У последней черты (Арцыбашев) - страница 25

— Ой, Гришенька, мой Гришенька! Ой, матушки мои родненькие!..

И доктору Арнольди казалось, что везде тихо, тихо, и даже далекое небо со вниманием прислушивается к этому одинокому воплю.

У калитки его нагнал молодой мещанин. Его бледное, с клочковатой рыжей бородкой лицо было мокро, и глаза смотрели по-прежнему испуганно и отчаянно. Он, должно быть, даже не видел доктора и, что-то бормоча дрожащими губами, совал ему сжатый кулак.

— Вот… вот… вот… — бессвязно бормотал он. Доктор Арнольди машинально взглянул на его кулак и увидел зажатый угол бумажки.

— Э… зачем это! — с досадой сказал он, махнув дрожащей толстой рукой.

— Возьмите, возьмите… как же, трудились, мы понимаем… воля Божия… — совершенно бессмысленно повторил мещанин, продолжая совать свой черный, точно обугленный кулак.

Доктор Арнольди вдруг сердито насупился, урывком взял деньги и, быстро отвернувшись, пошел в калитку. Согнувшись так, точно боялся удара сзади.

Беловолосый Никитка встретил его глупой, заждавшейся улыбкой.

— Кончился? — спросил он, когда доктор уселся на заскрипевшее под его тяжестью сиденье пролетки.

— И ты, дурак, когда-нибудь кончишься… — машинально ответил доктор Арнольди и пихнул его в спину набалдашником палки.

Никитка весело засмеялся этой остроумной шутке и тронул рыженькую застоявшуюся кобылку.

Пыль тяжело поднялась за колесами, и, когда доктор быстро заворачивал за угол, в чистом вечернем воздухе еще долетел до него пронзительный, сверлящий небо крик: Ой, матушки мои родненькие!.. Ой, Пресвятая Богородица!

Пролетка завернула за угол, и все стихло, как не бывшее.

VII

Был совсем вечер, и далеко в степи погасала холодная зеленоватая заря, когда доктор Арнольди, усталый и угрюмый, заканчивал свои визиты.

Он давно уже перестал различать своих больных и равно уныло шел к детям, женщинам, старикам и молодым людям.

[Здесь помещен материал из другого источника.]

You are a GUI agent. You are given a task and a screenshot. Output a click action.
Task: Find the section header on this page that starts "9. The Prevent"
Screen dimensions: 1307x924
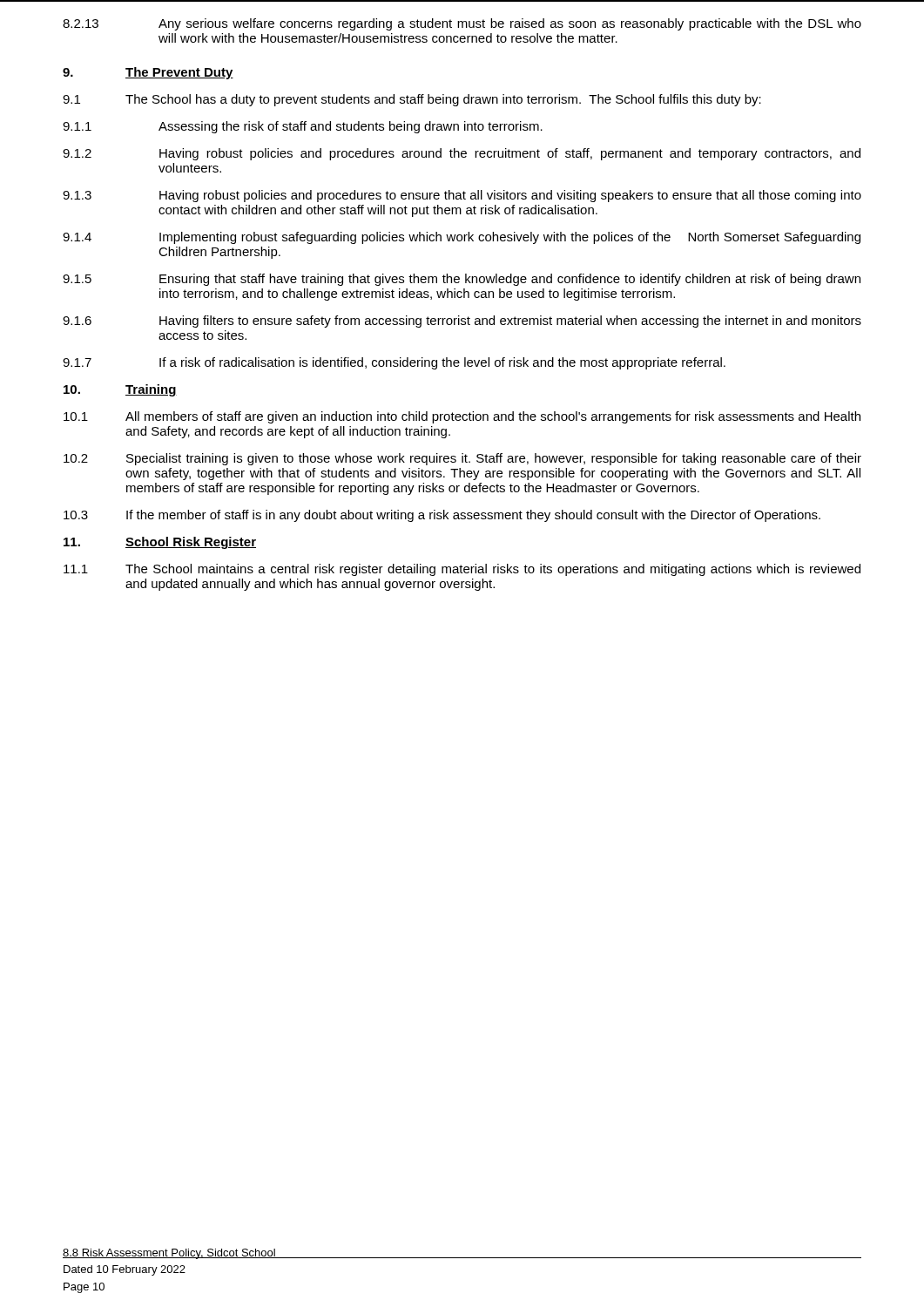coord(148,72)

Но месяц тому назад его позвали к больной актрисе, умирающей на родине, и как-то незаметно доктор Арнольди привык каждый вечер после всех визитов заходить к ней. Сначала он лечил ее, но болезнь была неизлечима, и он оставил. Только приходил, садился, как будто на минуту, не выпуская из рук шляпы и палки, и просиживал целые часы в тишине сумерек, под непрерывную тихую болтовню больной, мало-помалу привыкшей к нему и рассказавшей ему всю свою жизнь, бурную, нелепую жизнь актрисы.

И если что-либо важное задерживало его, доктору Арнольди уже недоставало этого тихого голоса, печальных глаз и той задумчиво-кроткой грусти, которая веяла на его усталую душу в комнате больной в тихие летние сумерки.